Energy Saving Measures for Cattle and Swine Farms
This page discusses measures that apply to most livestock farms in New York State, especially those raising cattle or swine but also farms raising goats, sheep, horses and other animals. These include smaller farms with just a small number of animals and up to larger farms with head counts in the thousands. For poultry farm energy efficiency guidance and incentives, visit our Poultry Sector page. It is recommended that you also check out the Cross-Farm Technologies page where you will find applicable measures for multiple farm types, and measures relating to lighting, space heating, and preventative maintenance.
Explore the subject areas linked to below or by downloading fact sheets about them. If you are interested in more detailed information or support, sign up for a free energy assessment or contact us for general support.
Ventilation at beef and livestock farms includes systems to move air in and out of the animal areas as well as air circulation within the barn. Measures to save energy will typically require capital expenditures, therefore these measures are best applied to areas where the fans operate for more than 20 hours weekly, on average.

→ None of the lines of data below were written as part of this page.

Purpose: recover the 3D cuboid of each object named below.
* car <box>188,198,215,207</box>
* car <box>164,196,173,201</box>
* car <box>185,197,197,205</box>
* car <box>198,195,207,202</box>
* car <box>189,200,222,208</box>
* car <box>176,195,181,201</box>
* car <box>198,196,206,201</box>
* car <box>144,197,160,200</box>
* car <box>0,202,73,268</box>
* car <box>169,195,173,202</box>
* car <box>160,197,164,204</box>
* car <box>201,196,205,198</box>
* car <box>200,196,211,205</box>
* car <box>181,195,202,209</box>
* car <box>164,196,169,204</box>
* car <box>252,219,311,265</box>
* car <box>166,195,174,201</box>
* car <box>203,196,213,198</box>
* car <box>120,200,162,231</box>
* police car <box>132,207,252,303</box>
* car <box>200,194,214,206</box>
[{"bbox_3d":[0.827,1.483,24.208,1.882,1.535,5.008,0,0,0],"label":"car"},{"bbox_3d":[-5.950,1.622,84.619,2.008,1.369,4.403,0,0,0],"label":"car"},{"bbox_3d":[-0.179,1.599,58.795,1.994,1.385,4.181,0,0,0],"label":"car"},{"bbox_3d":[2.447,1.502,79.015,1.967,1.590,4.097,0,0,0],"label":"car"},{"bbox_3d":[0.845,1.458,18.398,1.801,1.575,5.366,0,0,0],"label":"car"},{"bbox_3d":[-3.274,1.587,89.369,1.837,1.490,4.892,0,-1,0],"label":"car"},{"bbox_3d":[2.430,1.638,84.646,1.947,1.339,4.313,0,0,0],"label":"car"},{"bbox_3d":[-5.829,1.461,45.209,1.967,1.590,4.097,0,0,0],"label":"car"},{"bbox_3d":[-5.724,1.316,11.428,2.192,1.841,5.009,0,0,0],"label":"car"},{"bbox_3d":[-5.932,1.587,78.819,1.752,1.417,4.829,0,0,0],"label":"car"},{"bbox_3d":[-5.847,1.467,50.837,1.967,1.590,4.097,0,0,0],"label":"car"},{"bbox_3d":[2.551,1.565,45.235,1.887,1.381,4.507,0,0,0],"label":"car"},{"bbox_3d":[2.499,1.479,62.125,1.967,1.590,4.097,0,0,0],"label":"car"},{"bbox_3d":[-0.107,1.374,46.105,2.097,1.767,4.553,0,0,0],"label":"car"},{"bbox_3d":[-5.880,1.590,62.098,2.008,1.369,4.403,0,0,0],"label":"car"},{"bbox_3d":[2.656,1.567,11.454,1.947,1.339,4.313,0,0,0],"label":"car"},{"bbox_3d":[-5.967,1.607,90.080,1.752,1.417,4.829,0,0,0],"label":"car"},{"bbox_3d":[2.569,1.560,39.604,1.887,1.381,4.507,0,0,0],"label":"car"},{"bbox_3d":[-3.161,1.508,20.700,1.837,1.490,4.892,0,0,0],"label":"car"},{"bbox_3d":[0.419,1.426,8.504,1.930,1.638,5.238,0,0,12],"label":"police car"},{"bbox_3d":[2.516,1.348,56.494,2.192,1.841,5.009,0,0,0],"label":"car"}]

Refrigeration at beef and livestock farms includes systems to store meat either frozen or unfrozen until distribution. This is accomplished with small refrigerators such as those found in a household, or with larger units such as 6’x6’ (or larger) walk-in boxes or units with a glass door for merchandising.
Animal Heat Mats
Heat under animals tends to be more practical and economical than heat lamps. Heat is not lost because the heat source is completely utilized by the litter. When heat lamps are used for breeding swine, heat travels to the sow and is not sufficiently provided to piglets, which negatively impacts the safety of piglets. Heat mats provide a warm zone for piglets, encouraging them to stay at a safe proximity to the sow.
Energy-free livestock waterers are insulated so that heat from the ground can prevent water from freezing. There are many versions of these for sale on the market and many farms have found them to be effective. It is recommended that the existing livestock waterers be replaced with energy-free livestock waterer.